• **Goal of the exercise**
For the material below, return exactly the lines starting at the one holding "Format: lines with" and ending at the one holding "1) small box from (707, 67) to (767, 157)", counting both as part of the range.

• **Dataset excerpts**
++++++++++

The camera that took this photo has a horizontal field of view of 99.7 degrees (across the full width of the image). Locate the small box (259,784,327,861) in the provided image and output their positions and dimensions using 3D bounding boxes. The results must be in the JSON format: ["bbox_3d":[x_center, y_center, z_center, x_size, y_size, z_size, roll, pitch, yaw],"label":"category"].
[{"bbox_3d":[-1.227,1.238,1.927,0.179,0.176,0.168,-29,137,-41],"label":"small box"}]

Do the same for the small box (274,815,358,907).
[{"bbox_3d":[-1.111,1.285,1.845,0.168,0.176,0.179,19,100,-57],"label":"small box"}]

++++++++++

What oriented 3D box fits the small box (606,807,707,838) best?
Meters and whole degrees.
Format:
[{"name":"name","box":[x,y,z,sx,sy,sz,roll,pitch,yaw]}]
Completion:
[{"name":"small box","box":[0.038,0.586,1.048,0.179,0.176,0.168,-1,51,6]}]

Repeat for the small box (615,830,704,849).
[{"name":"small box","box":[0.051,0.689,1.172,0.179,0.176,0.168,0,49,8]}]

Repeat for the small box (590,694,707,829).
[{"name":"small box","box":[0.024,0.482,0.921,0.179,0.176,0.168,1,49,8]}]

++++++++++

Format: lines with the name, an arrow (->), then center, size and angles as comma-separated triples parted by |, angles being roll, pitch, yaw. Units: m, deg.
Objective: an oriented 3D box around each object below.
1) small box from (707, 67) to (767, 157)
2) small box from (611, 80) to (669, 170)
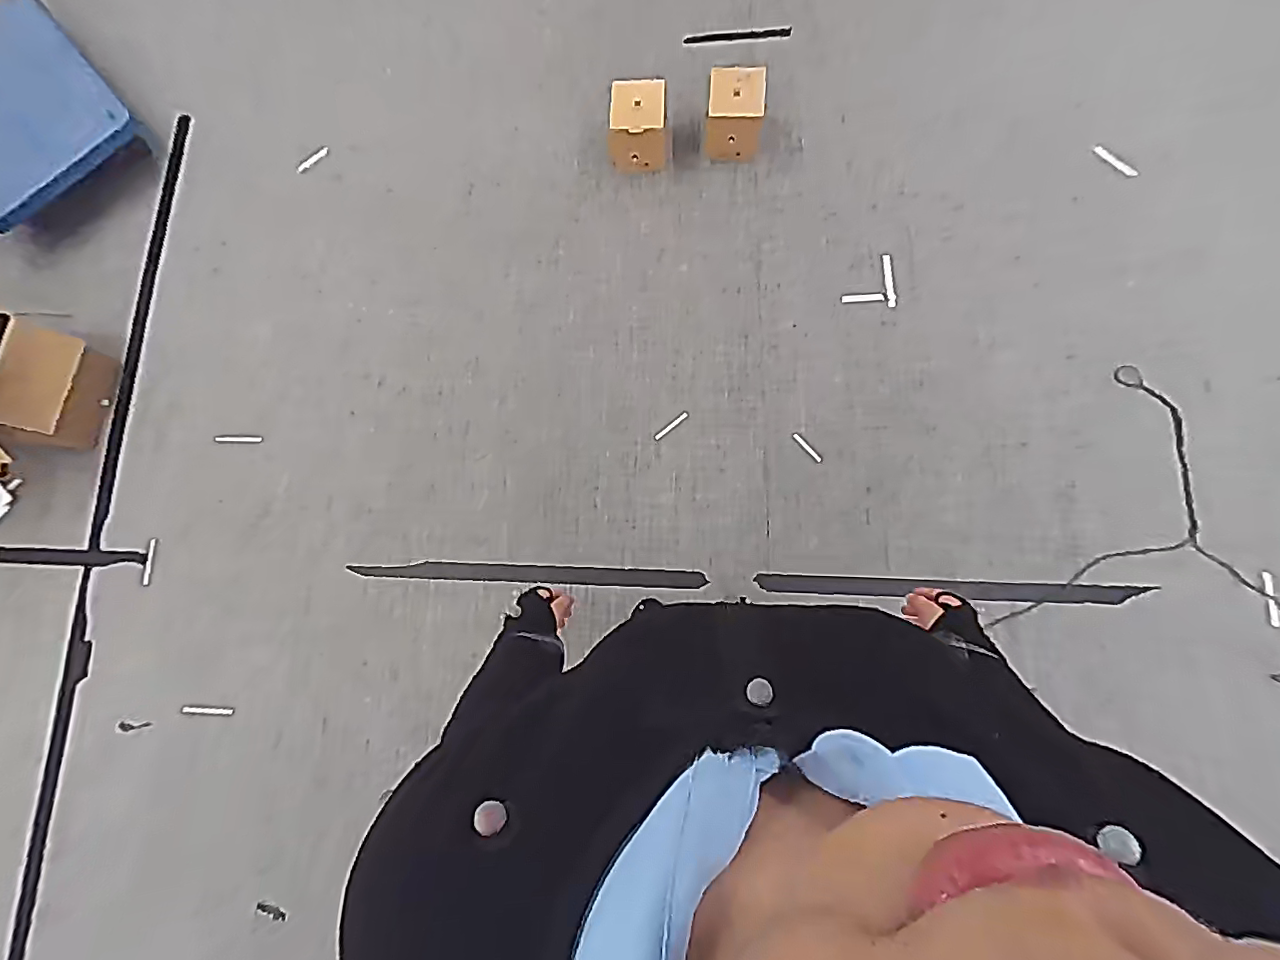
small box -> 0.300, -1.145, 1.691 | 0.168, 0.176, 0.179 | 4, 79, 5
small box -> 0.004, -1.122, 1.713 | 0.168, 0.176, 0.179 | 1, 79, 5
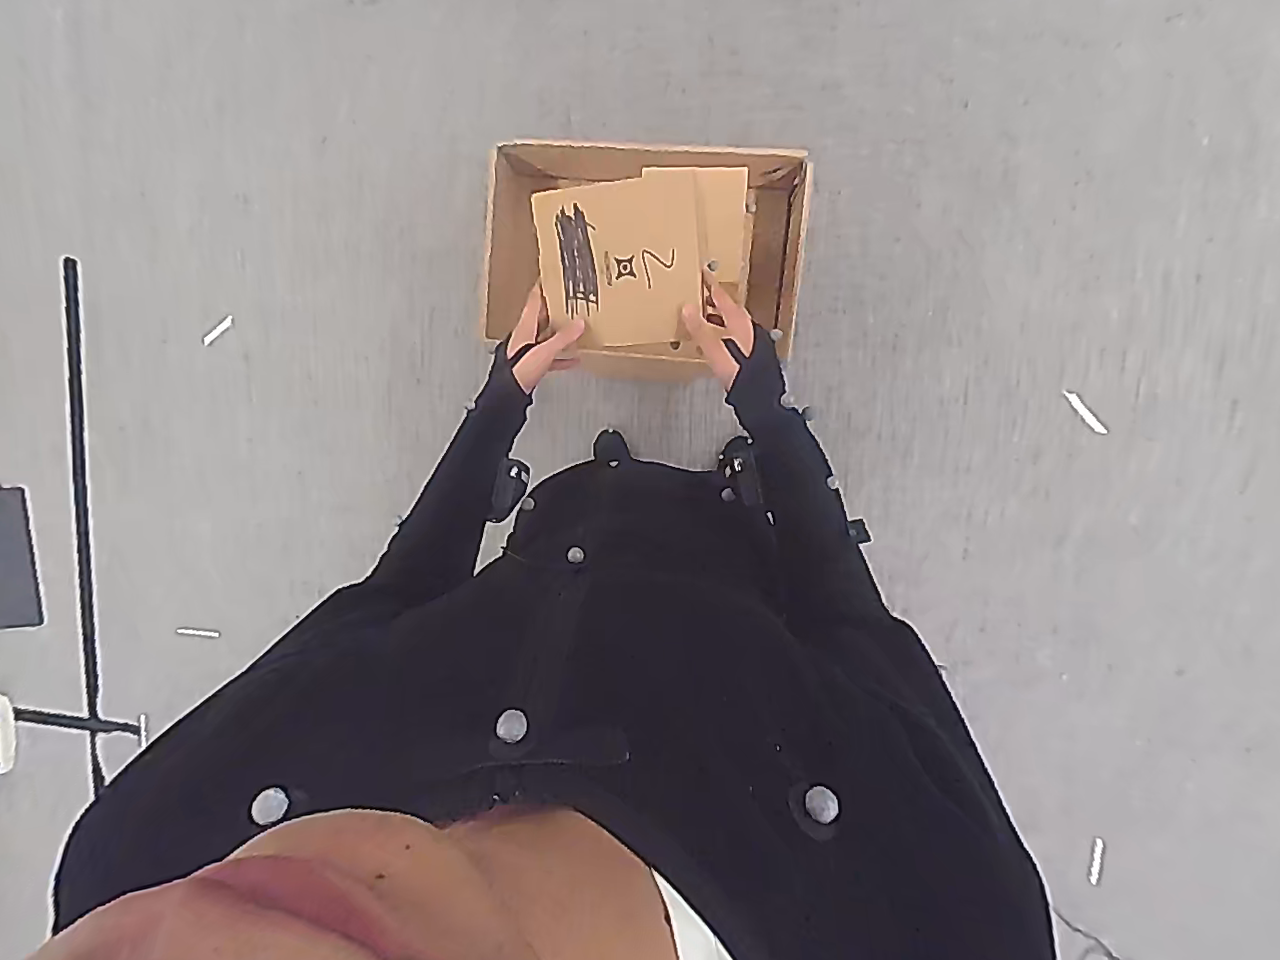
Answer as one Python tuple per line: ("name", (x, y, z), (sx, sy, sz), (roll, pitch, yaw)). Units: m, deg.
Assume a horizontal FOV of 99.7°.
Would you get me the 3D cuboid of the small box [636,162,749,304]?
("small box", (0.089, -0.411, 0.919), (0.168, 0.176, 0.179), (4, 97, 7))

++++++++++

• **Your response**
Format: lines with the name, an arrow (->), then center, size and angles as comma-separated triples parted by |, angles being roll, pitch, yaw. Units: m, deg.
Objective: an oriented 3D box around each object below.
1) small box from (707, 67) to (767, 157)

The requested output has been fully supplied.